What you should do | Please copy exactly the lines from the one containing "2. car <box>1668,473,1887,587</box>" to the end of the entries, both included, and nothing else. Omit every picture.

(Saved entries)
+-------+

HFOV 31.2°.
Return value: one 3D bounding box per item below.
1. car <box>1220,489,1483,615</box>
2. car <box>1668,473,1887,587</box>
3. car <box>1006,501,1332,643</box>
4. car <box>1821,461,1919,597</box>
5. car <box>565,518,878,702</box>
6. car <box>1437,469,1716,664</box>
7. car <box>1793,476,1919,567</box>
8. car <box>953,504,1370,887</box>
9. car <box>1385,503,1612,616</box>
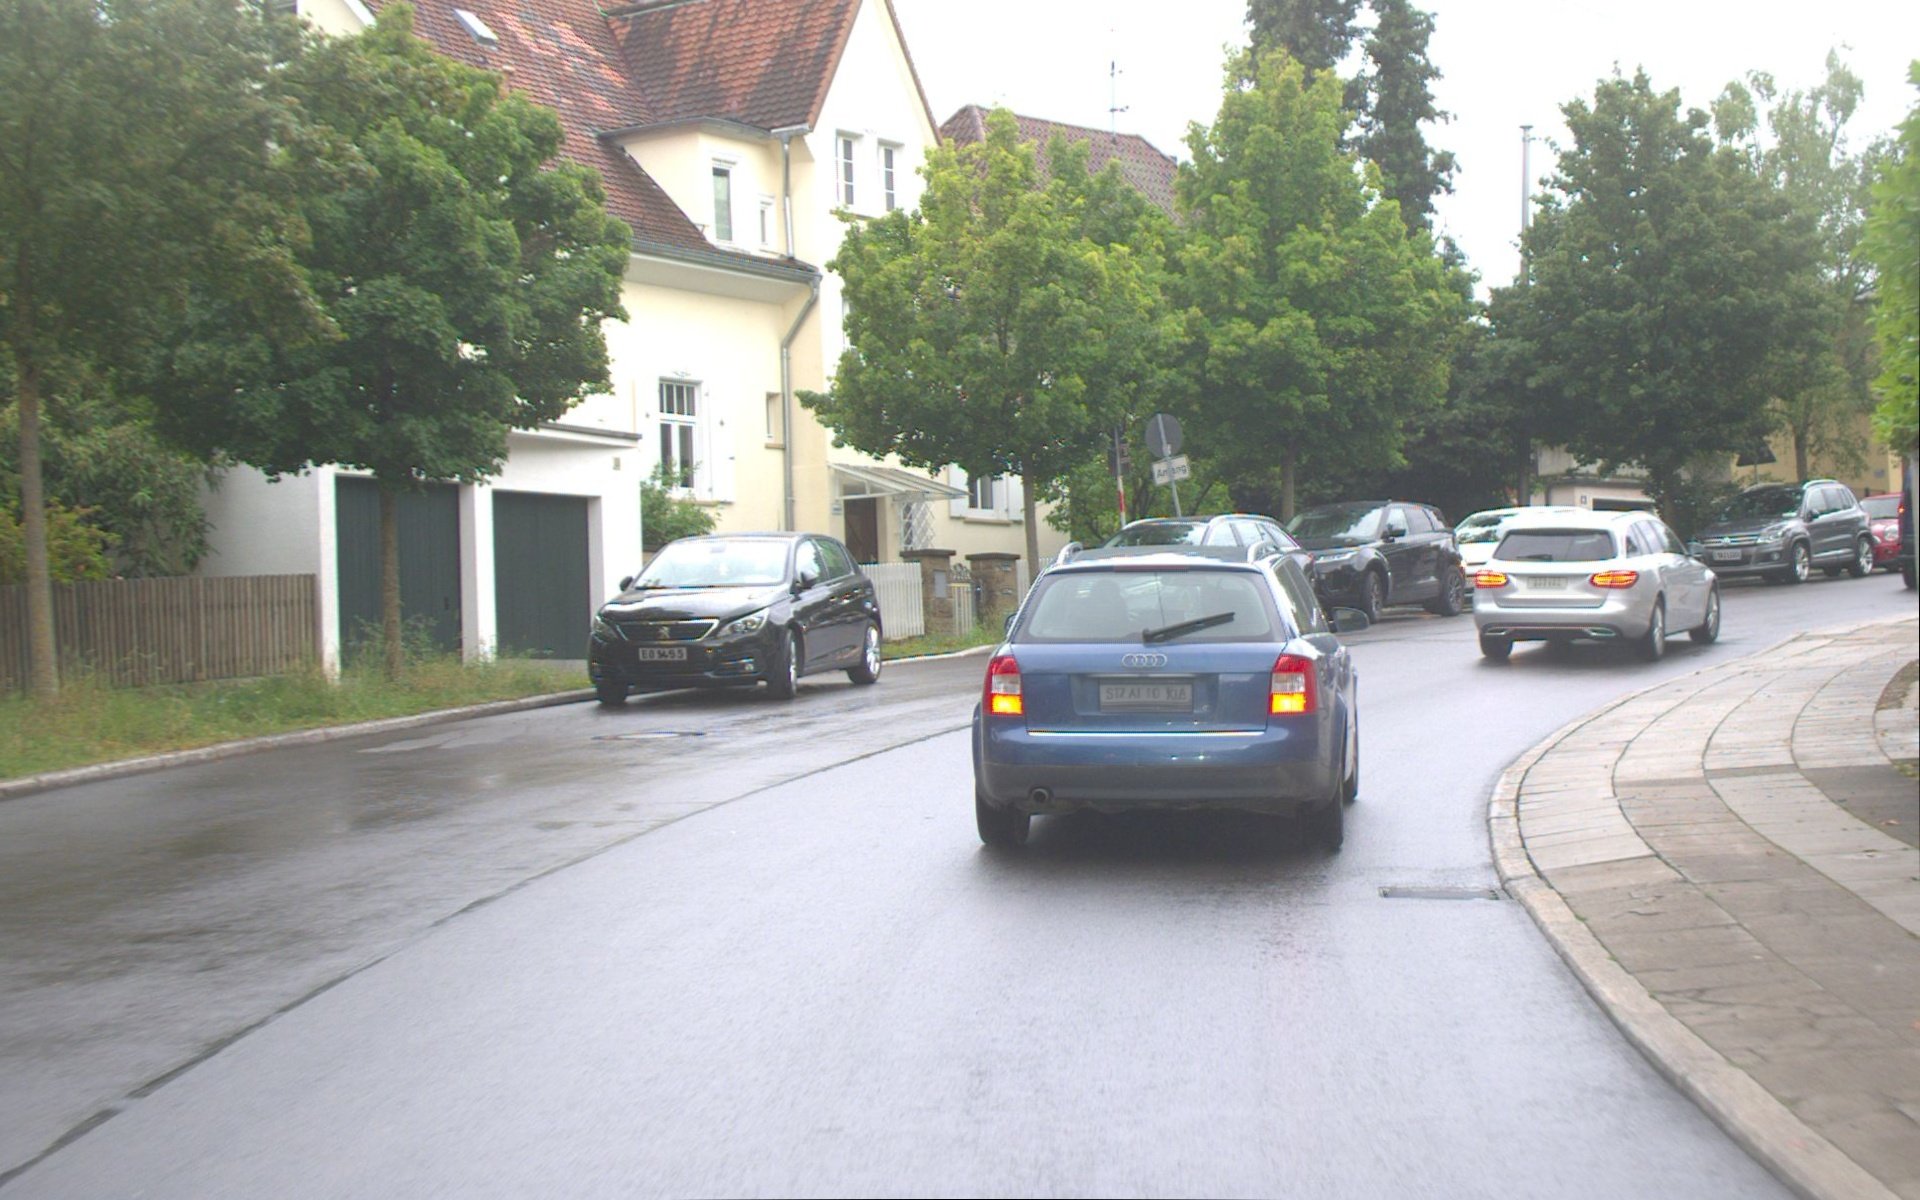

+-------+

Exercise response |
2. car <box>1668,473,1887,587</box>
3. car <box>1006,501,1332,643</box>
4. car <box>1821,461,1919,597</box>
5. car <box>565,518,878,702</box>
6. car <box>1437,469,1716,664</box>
7. car <box>1793,476,1919,567</box>
8. car <box>953,504,1370,887</box>
9. car <box>1385,503,1612,616</box>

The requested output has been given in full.